PROBLEM TO WORK ON
Scan the entries line by line and return those with "right".

[[ MATERIAL FOR THE TASK, beginning ]]

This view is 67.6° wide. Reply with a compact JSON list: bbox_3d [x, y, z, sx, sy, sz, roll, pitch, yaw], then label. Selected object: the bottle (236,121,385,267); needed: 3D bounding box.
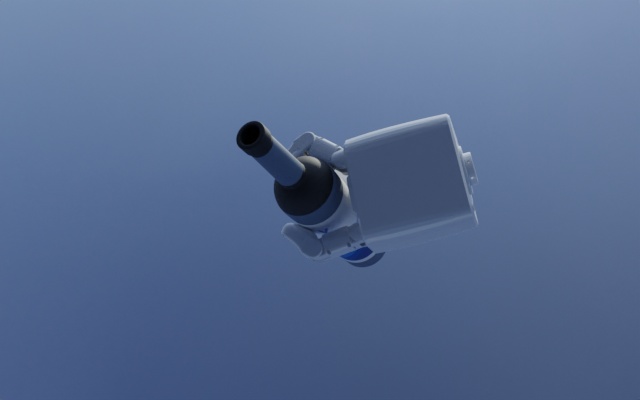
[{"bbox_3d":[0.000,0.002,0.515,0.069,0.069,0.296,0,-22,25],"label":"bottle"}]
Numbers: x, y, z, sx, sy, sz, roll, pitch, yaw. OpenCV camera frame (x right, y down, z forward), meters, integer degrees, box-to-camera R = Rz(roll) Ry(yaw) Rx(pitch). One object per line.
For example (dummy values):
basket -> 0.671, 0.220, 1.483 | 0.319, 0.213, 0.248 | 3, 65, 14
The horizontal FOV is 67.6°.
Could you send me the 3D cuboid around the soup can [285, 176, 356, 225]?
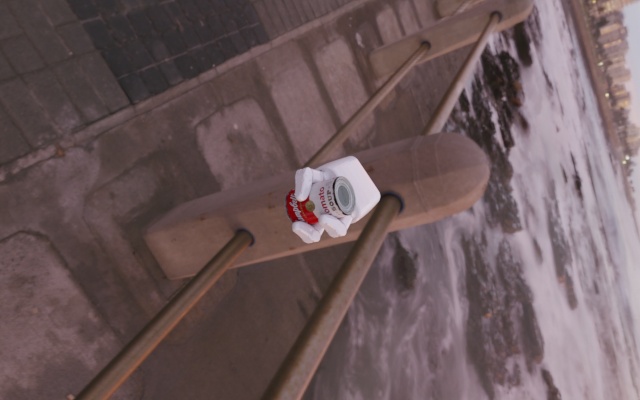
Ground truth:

[[ MATERIAL FOR THE TASK, end ]]
[[ MATERIAL FOR THE TASK, beginning ]]

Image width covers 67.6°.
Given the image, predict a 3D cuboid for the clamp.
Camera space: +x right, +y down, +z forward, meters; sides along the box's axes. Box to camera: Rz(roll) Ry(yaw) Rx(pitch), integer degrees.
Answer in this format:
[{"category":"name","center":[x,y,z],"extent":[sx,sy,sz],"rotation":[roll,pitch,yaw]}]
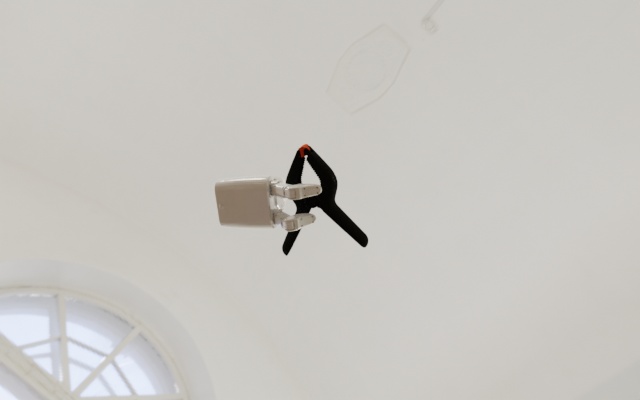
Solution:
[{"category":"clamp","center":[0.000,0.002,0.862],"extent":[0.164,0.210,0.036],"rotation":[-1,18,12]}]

[[ MATERIAL FOR THE TASK, end ]]
[[ MATERIAL FOR THE TASK, beginning ]]

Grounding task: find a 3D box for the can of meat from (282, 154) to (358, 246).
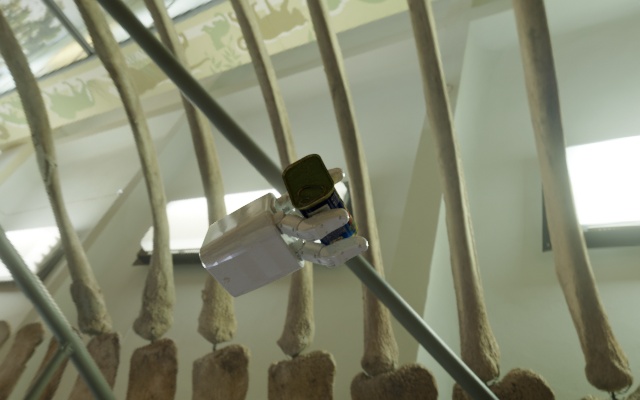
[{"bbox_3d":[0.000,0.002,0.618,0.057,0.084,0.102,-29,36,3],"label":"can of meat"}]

[[ MATERIAL FOR THE TASK, end ]]

ANSWER AREA
Numbers: x, y, z, sx, sy, sz, roll, pitch, yaw. OpenCV camera frame (x right, y down, z forward), meters, integer degrees, box-to-camera R = Rz(roll) Ry(yaw) Rx(pitch). One object per line.
Camera space: +x right, +y down, +z forward, meters; sides along the box's axes. Box to camera: Rz(roll) Ry(yaw) Rx(pitch), integer degrees.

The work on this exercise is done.